The genetic content of head and neck squamous cell carcinomas is ill defined. Spectral karyotyping (SKY) is a new technique that allows the simultaneous detection of all chromosomal translocations by labeling each individual chromosome with different fluorescent agents. In the current study we used SKY to analyze cell lines and a primary tumor derived from head and neck squamous cell carcinomas (HNSCC) to delineate recurrent translocations and breakpoints.

Spectral karyotyping analysis of head and neck cancer.
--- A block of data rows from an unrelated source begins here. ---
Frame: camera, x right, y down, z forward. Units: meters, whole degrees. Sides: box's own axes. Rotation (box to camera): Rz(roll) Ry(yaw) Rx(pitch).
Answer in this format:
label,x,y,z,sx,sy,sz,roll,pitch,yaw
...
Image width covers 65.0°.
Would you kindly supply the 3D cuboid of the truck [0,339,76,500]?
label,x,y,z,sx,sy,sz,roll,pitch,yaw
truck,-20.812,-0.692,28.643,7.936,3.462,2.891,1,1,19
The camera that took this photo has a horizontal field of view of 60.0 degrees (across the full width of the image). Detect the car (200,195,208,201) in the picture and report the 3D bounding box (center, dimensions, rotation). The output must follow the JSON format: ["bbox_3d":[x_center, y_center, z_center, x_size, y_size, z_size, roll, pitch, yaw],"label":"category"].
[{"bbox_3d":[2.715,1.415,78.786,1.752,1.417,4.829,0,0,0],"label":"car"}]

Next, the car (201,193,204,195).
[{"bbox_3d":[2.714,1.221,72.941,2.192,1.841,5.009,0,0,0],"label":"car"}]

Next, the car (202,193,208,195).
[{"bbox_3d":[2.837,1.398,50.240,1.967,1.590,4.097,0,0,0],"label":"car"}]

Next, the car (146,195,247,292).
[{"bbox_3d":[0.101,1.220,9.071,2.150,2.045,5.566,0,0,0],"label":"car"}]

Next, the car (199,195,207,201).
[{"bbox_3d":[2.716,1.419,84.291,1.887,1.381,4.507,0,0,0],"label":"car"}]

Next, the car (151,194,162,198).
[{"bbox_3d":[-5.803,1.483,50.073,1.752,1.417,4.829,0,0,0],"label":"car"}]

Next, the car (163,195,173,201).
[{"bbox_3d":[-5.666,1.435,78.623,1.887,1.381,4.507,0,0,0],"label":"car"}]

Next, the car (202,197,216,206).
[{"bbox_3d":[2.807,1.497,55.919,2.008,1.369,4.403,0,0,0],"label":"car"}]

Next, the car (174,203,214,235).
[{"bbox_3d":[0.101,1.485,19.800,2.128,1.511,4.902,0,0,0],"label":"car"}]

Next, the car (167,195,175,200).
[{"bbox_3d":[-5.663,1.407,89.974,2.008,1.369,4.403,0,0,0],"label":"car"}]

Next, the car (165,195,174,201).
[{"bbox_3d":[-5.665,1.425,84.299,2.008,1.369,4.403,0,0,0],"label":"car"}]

Two cell lines (MDA886 and MSK922) and one primary tumor in short-term culture were subjected to metaphase growth arrest with colcemide in their exponential growth phase and fixed onto glass slides. Painting probes for each of the autosomes and the sex chromosomes were generated from flow-sorted human chromosomes using sequence-independent DNA amplification. The probes were labeled using a polymerase chain reaction-based reaction and hybridized to metaphase preparations for 2 days at 37 degrees C. Biotinylated probes were detected using avidin Cy5 and digoxigenin-labeled probes with an anti-mouse digoxigenin antibody followed by goat anti-mouse antibody conjugated to Cy5.5. Chromosomes were counterstained with 4,6-diamino-2-phenyliodole (DAPI), and a minimum of five metaphases were captured and analyzed for each case. Breakpoints on the SKY-painted chromosomes were determined by comparison of corresponding DAPI banding.

Spectral karyotyping analysis revealed a complex pattern of chromosomal abnormalities. A total of 66 translocations were identified in the three cases, with one new recurrent translocation at (der(4)t(4;20)(q35;?)). Nine complex translocations, involving three or more chromosomes, were identified in these cases. Overall, 96 breakpoints were assigned to metaphase chromosomes and another 74 breakpoints could not be assigned. Breakpoints most commonly involved chromosomes in genetic rearrangements were 1, 3, 5, 8, 13, 16, and 17.

Spectral karyotyping analysis reveals the true complexity of chromosomal aberrations in cell lines derived from head and neck squamous cell carcinomas. The use of SKY, in combination with other techniques, may allow for a more complete assessment of the genetic abnormalities of head and neck cancers and serve as a starting point for gene identification.